# Import libraries

In [2]:
import requests
from bs4 import BeautifulSoup
import pandas as pd
import time


# Set Up Search

We’ll start by searching Google for articles from the Financial Times that mention Bitcoin using a trick called "site:ft.com bitcoin".

However, Google doesn’t like bots much, so instead of using requests, we’ll use a Python library called serpapi, which is free to start with and built for scraping search results.

But for now, let's try the basic approach using requests and BeautifulSoup to check if we can get results from DuckDuckGo, which is more scrape-friendly.

In [None]:

# Step 1: Define the search query
query = "bitcoin site:ft.com"
url = f"https://html.duckduckgo.com/html/?q={query}"

# Step 2: Send the request
headers = {
    "User-Agent": "Mozilla/5.0"
}
response = requests.get(url, headers=headers)

# Step 3: Parse the results
soup = BeautifulSoup(response.text, "html.parser")
results = soup.find_all("a", class_="result__a")

# Step 4: Store the results
articles = []
for result in results:
    title = result.get_text()
    link = result['href']
    articles.append({"title": title, "link": link})

# Step 5: Convert to DataFrame
ft_df = pd.DataFrame(articles)
print(ft_df.head())

# Step 6: Save to CSV
ft_df.to_csv("bitcoin_ft_articles.csv", index=False)



                                               title  \
0  Recht 24/7 - Online Kanzlei | Anwalt sofort on...   
1  1 Unze Kupfermünze Bitcoin Waage | Kettner Ede...   
2                          Bitcoin - Financial Times   
3  BlackRock closes in on crown of world's larges...   
4  Bitcoin's halving makes its future pay-to-play...   

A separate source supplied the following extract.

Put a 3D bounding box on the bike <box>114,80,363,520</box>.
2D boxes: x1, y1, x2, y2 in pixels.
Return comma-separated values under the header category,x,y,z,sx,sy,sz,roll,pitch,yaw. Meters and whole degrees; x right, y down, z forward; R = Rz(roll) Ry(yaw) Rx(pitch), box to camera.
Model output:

                                                link  
0  //duckduckgo.com/l/?uddg=https%3A%2F%2Fduckduc...  
1  //duckduckgo.com/l/?uddg=https%3A%2F%2Fduckduc...  
2  //duckduckgo.com/l/?uddg=https%3A%2F%2Fwww.ft....  
3  //duckduckgo.com/l/?uddg=https%3A%2F%2Fwww.ft....  
4  //duckduckgo.com/l/?uddg=https%3A%2F%2Fwww.ft....  

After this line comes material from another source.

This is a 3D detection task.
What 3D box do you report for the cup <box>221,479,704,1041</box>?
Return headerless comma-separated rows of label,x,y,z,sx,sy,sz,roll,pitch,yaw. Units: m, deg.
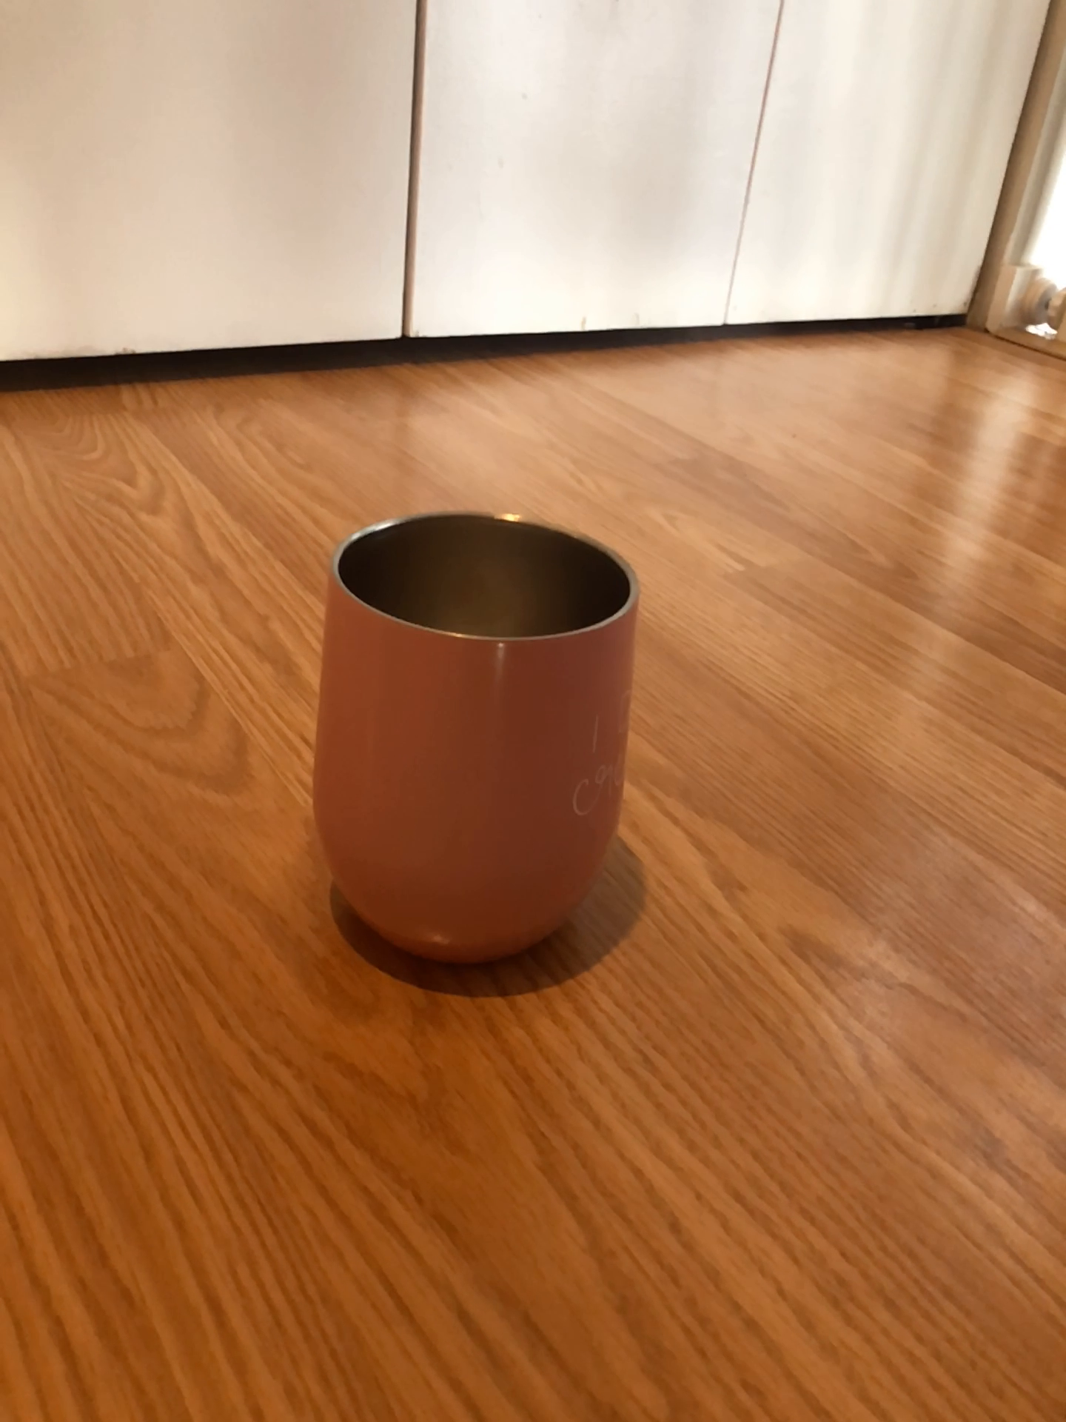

#NOTE -  - What are headers?
Headers are extra info you send with your request to the website.

The User-Agent tells the site who is visiting — usually a web browser like Chrome or Firefox.

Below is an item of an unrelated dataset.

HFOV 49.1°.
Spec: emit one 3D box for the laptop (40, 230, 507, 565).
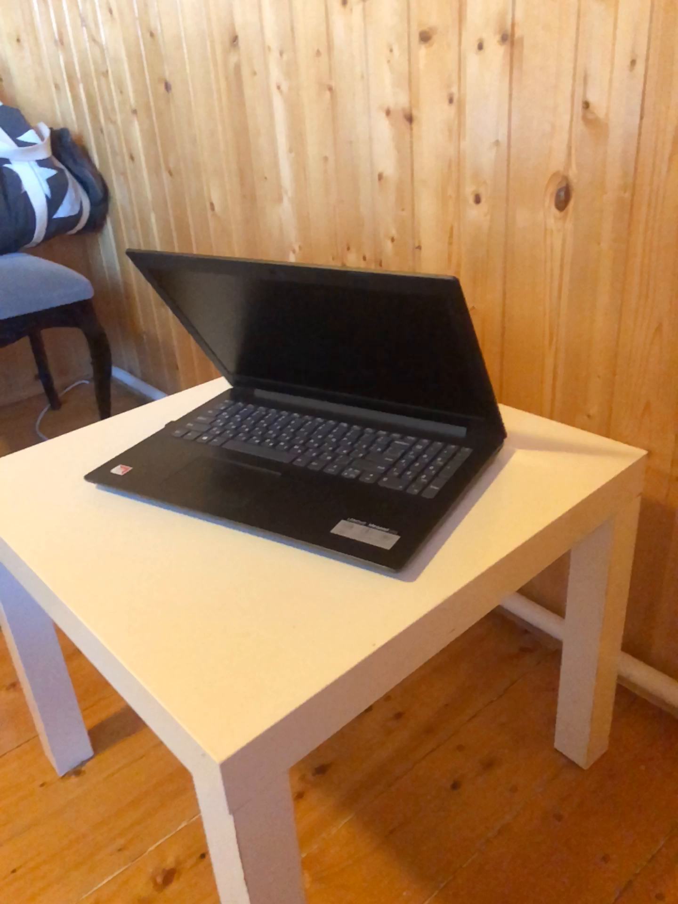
[{"bbox_3d":[-0.055,-0.087,0.751,0.373,0.206,0.251,12,31,30],"label":"laptop"}]

Without this, the site might know it’s a bot (not a human) and block you.
So we're pretending to be a regular browser by saying:

“Hi, I’m a normal human using Mozilla/Chrome!”

🛡️ Why it's important: Helps avoid blocks or errors from sites that dislike bots.

❓ What is BeautifulSoup doing?
Think of BeautifulSoup like a smart highlighter. It takes the messy HTML code of a webpage and helps you pick out the parts you want.

soup = BeautifulSoup(...)
→ Turns the raw HTML from the page into a searchable format.

soup.find_all("a", class_="result__a")
→ Looks for all <a> tags (which are links), with the class "result__a", which DuckDuckGo uses for search result titles.

Basically, you’re saying:

“Show me all the links that are search results.”

Then we loop through those links and pull out the title and URL.